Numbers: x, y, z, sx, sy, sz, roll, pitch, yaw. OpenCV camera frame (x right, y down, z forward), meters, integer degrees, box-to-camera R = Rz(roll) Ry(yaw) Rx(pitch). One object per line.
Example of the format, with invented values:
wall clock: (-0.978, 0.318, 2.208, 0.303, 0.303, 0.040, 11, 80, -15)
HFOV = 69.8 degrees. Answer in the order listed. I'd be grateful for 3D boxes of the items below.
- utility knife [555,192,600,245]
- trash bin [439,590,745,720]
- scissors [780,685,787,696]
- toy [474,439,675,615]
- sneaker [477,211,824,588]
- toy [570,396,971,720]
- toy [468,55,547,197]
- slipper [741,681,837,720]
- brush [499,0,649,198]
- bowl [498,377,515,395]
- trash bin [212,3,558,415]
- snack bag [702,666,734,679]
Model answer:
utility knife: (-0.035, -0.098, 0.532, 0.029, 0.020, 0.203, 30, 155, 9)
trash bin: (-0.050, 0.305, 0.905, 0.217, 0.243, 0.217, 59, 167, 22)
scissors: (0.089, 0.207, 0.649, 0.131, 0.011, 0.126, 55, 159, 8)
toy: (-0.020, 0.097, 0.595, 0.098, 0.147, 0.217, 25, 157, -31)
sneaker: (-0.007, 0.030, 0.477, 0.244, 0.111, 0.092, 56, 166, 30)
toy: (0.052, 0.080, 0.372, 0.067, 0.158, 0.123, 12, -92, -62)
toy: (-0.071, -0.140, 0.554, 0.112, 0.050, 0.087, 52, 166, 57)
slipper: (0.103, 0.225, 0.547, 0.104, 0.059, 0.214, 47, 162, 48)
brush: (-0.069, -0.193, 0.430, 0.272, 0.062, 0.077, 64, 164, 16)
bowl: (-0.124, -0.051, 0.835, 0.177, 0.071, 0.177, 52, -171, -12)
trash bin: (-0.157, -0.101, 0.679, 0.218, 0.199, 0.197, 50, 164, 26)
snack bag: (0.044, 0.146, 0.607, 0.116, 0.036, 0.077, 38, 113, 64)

...

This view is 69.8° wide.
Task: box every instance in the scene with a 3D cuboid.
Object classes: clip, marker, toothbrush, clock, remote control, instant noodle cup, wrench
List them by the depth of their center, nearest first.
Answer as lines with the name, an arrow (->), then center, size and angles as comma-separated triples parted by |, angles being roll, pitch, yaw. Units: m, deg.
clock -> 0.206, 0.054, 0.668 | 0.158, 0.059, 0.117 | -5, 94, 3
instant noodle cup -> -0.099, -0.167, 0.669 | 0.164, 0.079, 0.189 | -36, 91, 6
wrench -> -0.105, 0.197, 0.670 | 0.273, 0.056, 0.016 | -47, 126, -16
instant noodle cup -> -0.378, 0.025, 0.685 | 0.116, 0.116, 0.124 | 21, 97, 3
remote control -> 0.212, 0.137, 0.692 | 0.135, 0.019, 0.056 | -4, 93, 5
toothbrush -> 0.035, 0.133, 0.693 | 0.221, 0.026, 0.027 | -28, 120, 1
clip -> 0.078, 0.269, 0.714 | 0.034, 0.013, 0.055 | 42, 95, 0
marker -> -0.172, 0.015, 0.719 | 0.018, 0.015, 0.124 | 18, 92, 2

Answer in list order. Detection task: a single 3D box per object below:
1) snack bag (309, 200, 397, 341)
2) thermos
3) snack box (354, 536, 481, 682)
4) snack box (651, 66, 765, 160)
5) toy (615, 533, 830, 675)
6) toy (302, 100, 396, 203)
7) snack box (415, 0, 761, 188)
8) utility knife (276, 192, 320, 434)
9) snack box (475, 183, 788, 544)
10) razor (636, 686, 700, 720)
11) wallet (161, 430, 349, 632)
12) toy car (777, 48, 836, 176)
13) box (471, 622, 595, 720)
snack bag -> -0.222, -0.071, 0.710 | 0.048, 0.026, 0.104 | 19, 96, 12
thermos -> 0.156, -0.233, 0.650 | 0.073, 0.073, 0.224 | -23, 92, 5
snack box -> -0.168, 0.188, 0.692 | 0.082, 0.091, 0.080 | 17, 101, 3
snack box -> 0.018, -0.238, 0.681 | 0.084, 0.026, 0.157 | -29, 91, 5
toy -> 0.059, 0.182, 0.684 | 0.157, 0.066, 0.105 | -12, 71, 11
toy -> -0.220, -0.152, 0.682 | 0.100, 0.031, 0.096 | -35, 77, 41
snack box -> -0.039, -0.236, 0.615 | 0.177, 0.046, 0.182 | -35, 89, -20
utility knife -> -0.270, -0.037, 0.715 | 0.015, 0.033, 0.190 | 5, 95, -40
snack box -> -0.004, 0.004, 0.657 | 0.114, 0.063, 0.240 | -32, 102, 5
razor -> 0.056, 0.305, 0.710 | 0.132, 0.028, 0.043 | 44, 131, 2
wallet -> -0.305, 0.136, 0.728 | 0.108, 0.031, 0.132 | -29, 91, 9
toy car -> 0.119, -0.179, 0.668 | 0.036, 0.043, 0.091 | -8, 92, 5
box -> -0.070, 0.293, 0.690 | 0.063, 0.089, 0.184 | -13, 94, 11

| EXERCISE AIM |
Find how many lines in the listing contain the word "degrees" and give that count alone.

| RESULT OF THIS EXERCISE |
2